[Provided material]
= = =

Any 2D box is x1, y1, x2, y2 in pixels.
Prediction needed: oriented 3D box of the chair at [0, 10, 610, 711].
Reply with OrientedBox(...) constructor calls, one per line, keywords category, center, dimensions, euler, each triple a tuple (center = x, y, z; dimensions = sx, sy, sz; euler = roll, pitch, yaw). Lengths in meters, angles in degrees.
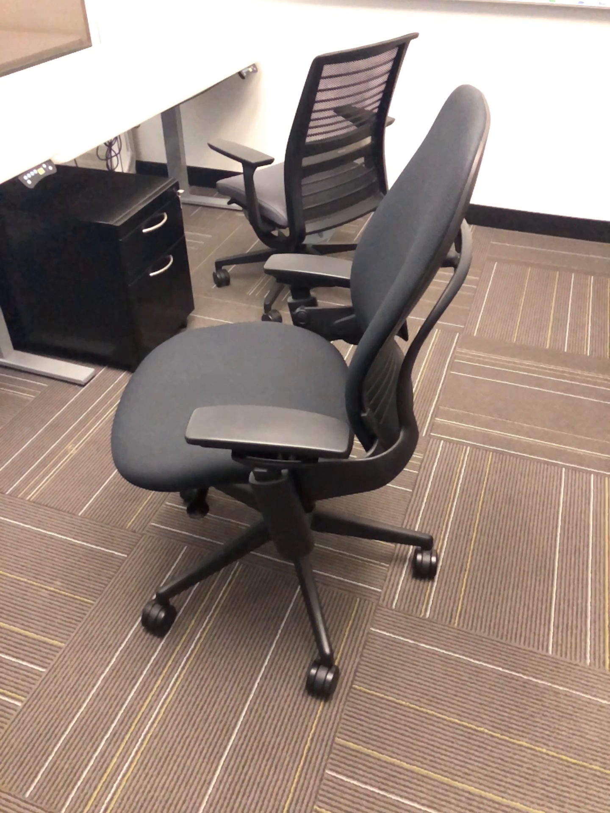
OrientedBox(category="chair", center=(-0.072, -0.089, 1.260), dimensions=(0.830, 1.035, 0.734), euler=(4, 38, 5))

= = =

With the pictures set aside, copy each line above as written.

Any 2D box is x1, y1, x2, y2 in pixels.
Prediction needed: oriented 3D box of the chair at [0, 10, 610, 711].
Reply with OrientedBox(...) constructor calls, one per line, keywords category, center, dimensions, euler, each triple a tuple (center = x, y, z; dimensions = sx, sy, sz; euler = roll, pitch, yaw). Lengths in meters, angles in degrees.
OrientedBox(category="chair", center=(-0.072, -0.089, 1.260), dimensions=(0.830, 1.035, 0.734), euler=(4, 38, 5))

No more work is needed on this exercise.